What this task involves ::
Retype the records below exactly as they appear, but leave out any pictures.

Information shown ::
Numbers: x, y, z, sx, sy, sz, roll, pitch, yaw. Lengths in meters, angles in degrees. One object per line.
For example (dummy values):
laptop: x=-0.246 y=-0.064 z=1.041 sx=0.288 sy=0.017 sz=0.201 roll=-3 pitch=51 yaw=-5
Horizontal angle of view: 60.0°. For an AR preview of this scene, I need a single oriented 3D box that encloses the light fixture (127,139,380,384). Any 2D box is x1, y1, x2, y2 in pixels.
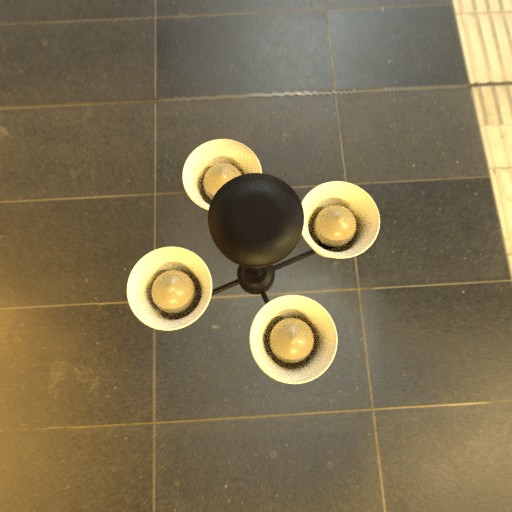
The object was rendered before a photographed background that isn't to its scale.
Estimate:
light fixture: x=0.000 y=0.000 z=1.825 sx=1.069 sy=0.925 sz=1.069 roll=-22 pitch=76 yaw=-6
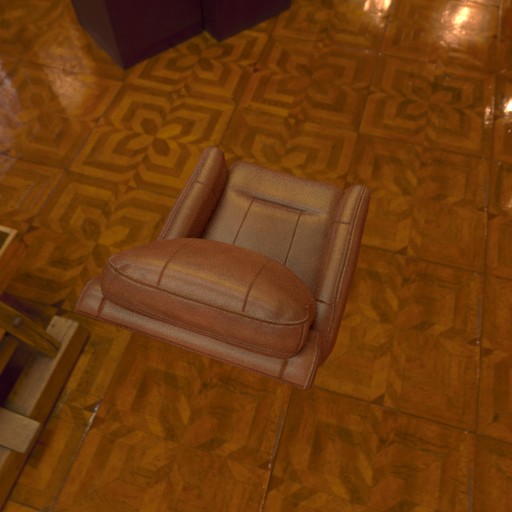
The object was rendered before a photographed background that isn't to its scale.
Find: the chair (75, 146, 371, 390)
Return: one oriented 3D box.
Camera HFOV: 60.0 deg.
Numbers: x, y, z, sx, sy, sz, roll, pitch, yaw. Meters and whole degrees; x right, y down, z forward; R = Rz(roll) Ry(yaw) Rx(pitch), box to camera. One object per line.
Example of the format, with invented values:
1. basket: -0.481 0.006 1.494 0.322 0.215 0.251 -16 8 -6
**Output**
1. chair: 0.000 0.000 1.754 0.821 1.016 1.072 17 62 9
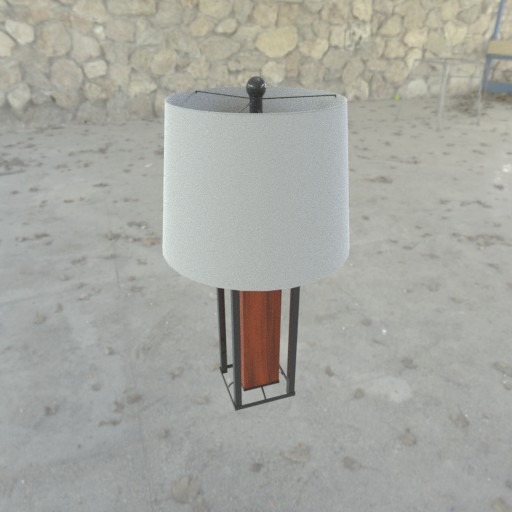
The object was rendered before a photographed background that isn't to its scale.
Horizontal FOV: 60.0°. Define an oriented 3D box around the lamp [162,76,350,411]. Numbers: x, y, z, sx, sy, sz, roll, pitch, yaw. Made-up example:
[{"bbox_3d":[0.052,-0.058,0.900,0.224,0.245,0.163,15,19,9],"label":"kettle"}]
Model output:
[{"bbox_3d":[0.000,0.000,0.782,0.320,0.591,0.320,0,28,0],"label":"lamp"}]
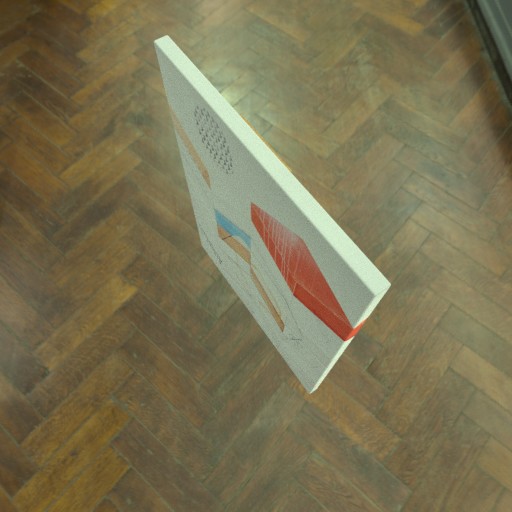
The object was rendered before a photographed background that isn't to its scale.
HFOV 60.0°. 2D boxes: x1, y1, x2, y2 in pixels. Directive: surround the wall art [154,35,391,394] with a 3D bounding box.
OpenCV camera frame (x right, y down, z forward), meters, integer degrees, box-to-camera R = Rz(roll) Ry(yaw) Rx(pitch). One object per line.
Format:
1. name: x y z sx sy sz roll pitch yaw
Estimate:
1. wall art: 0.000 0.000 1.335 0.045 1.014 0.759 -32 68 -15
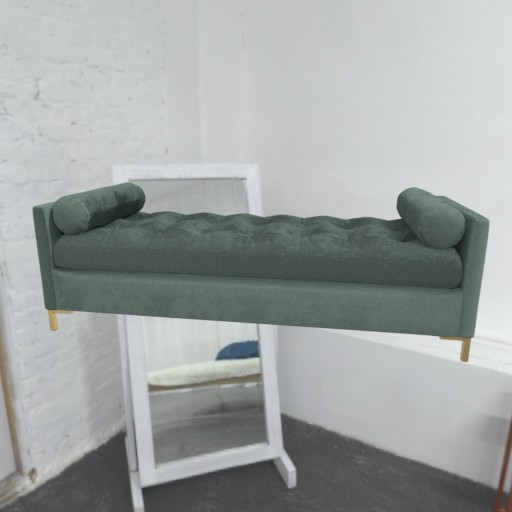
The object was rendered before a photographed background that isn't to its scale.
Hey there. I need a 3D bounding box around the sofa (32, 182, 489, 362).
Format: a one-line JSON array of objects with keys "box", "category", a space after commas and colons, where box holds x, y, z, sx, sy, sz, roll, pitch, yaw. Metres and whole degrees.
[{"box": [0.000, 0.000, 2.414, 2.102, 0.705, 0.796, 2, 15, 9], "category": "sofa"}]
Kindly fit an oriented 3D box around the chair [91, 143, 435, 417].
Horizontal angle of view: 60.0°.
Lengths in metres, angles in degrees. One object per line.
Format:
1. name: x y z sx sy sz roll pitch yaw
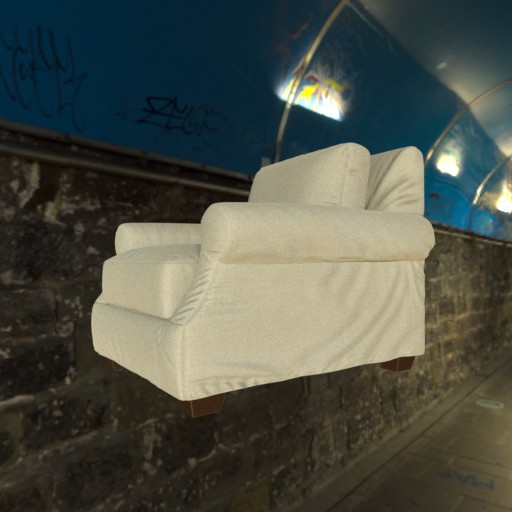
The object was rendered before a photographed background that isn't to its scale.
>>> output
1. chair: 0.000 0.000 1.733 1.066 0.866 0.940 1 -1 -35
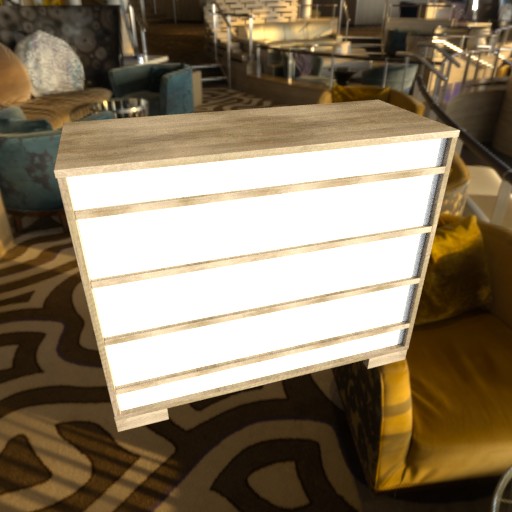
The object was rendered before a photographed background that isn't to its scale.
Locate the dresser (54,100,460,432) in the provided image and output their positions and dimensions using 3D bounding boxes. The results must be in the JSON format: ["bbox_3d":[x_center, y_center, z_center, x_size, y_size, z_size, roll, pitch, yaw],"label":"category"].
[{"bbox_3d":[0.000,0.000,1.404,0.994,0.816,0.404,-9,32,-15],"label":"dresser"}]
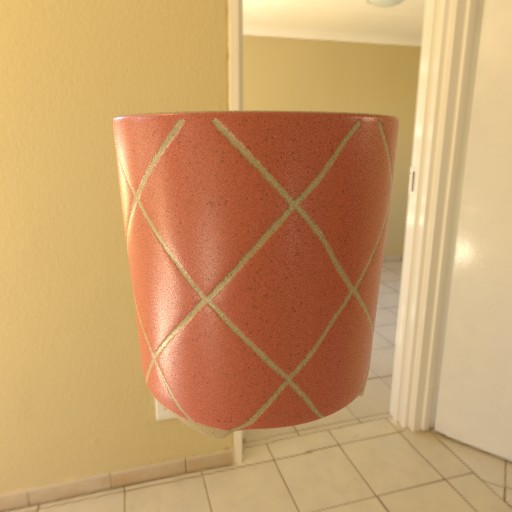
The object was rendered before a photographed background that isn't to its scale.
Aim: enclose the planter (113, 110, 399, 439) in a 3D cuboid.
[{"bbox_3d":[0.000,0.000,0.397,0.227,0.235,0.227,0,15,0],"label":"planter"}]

Final answer ::
Numbers: x, y, z, sx, sy, sz, roll, pitch, yaw. Lengths in meters, angles in degrees. One object per line.
For example (dummy values):
laptop: x=-0.246 y=-0.064 z=1.041 sx=0.288 sy=0.017 sz=0.201 roll=-3 pitch=51 yaw=-5
Horizontal angle of view: 60.0°. For an AR preview of this scene, I need a single oriented 3D box that encloses the light fixture (127,139,380,384). Any 2D box is x1, y1, x2, y2 in pixels.
The object was rendered before a photographed background that isn't to its scale.
Estimate:
light fixture: x=0.000 y=0.000 z=1.825 sx=1.069 sy=0.925 sz=1.069 roll=-22 pitch=76 yaw=-6
The object was rendered before a photographed background that isn't to its scale.
Find: the chair (75, 146, 371, 390)
Return: one oriented 3D box.
Camera HFOV: 60.0 deg.
Numbers: x, y, z, sx, sy, sz, roll, pitch, yaw. Meters and whole degrees; x right, y down, z forward; R = Rz(roll) Ry(yaw) Rx(pitch), box to camera. One object per line.
Example of the format, with invented values:
1. basket: -0.481 0.006 1.494 0.322 0.215 0.251 -16 8 -6
**Output**
1. chair: 0.000 0.000 1.754 0.821 1.016 1.072 17 62 9
The object was rendered before a photographed background that isn't to its scale.
Horizontal FOV: 60.0°. Define an oriented 3D box around the lamp [162,76,350,411]. Numbers: x, y, z, sx, sy, sz, roll, pitch, yaw. Made-up example:
[{"bbox_3d":[0.052,-0.058,0.900,0.224,0.245,0.163,15,19,9],"label":"kettle"}]
Model output:
[{"bbox_3d":[0.000,0.000,0.782,0.320,0.591,0.320,0,28,0],"label":"lamp"}]
The object was rendered before a photographed background that isn't to its scale.
HFOV 60.0°. 2D boxes: x1, y1, x2, y2 in pixels. Directive: surround the wall art [154,35,391,394] with a 3D bounding box.
OpenCV camera frame (x right, y down, z forward), meters, integer degrees, box-to-camera R = Rz(roll) Ry(yaw) Rx(pitch). One object per line.
Format:
1. name: x y z sx sy sz roll pitch yaw
Estimate:
1. wall art: 0.000 0.000 1.335 0.045 1.014 0.759 -32 68 -15
The object was rendered before a photographed background that isn't to its scale.
Hey there. I need a 3D bounding box around the sofa (32, 182, 489, 362).
Format: a one-line JSON array of objects with keys "box", "category", a space after commas and colons, where box holds x, y, z, sx, sy, sz, roll, pitch, yaw. Metres and whole degrees.
[{"box": [0.000, 0.000, 2.414, 2.102, 0.705, 0.796, 2, 15, 9], "category": "sofa"}]
Kindly fit an oriented 3D box around the chair [91, 143, 435, 417].
Horizontal angle of view: 60.0°.
Lengths in metres, angles in degrees. One object per line.
Format:
1. name: x y z sx sy sz roll pitch yaw
The object was rendered before a photographed background that isn't to its scale.
>>> output
1. chair: 0.000 0.000 1.733 1.066 0.866 0.940 1 -1 -35
The object was rendered before a photographed background that isn't to its scale.
Locate the dresser (54,100,460,432) in the provided image and output their positions and dimensions using 3D bounding boxes. The results must be in the JSON format: ["bbox_3d":[x_center, y_center, z_center, x_size, y_size, z_size, roll, pitch, yaw],"label":"category"].
[{"bbox_3d":[0.000,0.000,1.404,0.994,0.816,0.404,-9,32,-15],"label":"dresser"}]
The object was rendered before a photographed background that isn't to its scale.
Aim: enclose the planter (113, 110, 399, 439) in a 3D cuboid.
[{"bbox_3d":[0.000,0.000,0.397,0.227,0.235,0.227,0,15,0],"label":"planter"}]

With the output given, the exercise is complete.